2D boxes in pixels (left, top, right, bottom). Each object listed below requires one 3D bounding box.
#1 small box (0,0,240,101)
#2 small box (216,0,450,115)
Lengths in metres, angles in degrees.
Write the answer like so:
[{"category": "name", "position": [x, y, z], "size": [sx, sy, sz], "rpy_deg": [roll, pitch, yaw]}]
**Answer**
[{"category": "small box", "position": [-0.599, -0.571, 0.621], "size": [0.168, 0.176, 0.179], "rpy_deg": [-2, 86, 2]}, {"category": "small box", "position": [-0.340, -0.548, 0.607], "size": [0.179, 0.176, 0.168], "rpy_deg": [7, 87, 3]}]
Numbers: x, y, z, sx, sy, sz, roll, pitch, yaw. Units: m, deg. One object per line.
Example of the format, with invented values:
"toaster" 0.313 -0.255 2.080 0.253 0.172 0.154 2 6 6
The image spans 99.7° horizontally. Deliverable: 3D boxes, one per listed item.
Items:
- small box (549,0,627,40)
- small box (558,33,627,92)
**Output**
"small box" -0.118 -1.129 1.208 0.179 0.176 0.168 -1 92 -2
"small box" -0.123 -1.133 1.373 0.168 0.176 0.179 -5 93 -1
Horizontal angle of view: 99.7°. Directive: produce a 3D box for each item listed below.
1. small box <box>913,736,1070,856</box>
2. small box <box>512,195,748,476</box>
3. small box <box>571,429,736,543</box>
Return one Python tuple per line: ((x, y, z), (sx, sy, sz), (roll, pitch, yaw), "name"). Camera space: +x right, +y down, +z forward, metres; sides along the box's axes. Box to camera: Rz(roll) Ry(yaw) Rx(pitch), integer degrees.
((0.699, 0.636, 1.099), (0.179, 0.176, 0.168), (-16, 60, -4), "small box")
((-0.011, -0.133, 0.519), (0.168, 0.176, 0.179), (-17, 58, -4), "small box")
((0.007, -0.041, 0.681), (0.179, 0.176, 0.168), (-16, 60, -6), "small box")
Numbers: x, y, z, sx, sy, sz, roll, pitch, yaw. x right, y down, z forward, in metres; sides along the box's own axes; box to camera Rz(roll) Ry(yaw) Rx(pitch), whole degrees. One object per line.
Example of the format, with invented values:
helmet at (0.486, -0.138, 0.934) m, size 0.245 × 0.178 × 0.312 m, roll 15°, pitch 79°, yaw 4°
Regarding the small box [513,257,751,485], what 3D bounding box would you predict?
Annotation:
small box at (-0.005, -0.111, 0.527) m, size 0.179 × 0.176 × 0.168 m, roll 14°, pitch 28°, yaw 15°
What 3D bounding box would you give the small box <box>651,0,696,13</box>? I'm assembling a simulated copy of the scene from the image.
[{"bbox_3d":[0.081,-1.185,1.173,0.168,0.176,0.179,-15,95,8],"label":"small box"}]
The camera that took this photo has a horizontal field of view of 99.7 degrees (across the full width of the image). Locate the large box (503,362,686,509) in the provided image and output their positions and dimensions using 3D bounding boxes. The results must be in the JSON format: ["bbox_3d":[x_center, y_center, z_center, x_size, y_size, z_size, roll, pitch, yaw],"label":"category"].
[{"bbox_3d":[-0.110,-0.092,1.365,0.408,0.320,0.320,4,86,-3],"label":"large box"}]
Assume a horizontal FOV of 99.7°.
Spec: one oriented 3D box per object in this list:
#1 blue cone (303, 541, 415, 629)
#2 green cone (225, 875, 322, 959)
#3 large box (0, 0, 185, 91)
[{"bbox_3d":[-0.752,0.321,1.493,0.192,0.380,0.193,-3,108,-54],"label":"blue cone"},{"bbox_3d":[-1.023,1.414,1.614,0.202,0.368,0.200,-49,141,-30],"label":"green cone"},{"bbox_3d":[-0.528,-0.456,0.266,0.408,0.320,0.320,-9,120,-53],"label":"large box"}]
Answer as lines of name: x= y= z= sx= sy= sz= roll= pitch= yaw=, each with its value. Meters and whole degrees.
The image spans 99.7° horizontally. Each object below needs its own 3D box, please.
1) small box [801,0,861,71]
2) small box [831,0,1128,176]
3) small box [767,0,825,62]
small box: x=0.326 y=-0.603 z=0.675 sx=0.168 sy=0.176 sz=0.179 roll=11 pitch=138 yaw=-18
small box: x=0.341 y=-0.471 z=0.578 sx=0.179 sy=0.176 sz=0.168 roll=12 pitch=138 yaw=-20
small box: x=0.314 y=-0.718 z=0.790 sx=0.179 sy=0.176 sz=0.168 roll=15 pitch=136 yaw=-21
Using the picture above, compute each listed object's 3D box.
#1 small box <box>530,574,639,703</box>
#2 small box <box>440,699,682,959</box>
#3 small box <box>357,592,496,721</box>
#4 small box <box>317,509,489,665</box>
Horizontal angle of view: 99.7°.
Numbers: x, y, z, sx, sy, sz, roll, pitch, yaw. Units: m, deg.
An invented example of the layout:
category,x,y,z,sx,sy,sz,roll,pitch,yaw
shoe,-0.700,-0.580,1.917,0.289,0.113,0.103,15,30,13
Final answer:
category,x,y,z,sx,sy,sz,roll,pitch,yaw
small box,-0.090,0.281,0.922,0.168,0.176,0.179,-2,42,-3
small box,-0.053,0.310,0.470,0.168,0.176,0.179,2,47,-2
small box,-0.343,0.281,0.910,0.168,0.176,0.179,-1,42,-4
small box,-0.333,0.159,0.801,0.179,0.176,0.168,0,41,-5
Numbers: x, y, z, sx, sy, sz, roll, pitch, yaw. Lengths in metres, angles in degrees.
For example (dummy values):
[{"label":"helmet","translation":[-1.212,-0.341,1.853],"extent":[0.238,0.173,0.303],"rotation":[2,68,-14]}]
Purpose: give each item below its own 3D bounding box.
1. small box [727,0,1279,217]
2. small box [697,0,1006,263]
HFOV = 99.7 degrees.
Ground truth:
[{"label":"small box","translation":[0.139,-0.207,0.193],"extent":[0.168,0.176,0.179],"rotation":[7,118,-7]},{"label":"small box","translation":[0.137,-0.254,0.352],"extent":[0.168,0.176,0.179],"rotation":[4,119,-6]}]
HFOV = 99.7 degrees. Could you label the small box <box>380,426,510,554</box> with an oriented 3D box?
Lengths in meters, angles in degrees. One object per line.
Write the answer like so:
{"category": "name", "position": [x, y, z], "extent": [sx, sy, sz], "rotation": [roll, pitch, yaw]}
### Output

++++++++++++++++++++

(What the task requires):
Go through the entries and copy every line with "Units".

(Solution for this task):
Numbers: x, y, z, sx, sy, sz, roll, pitch, yaw. Units: m, deg. One object per line.
Numbers: x, y, z, sx, sy, sz, roll, pitch, yaw. Units: m, deg.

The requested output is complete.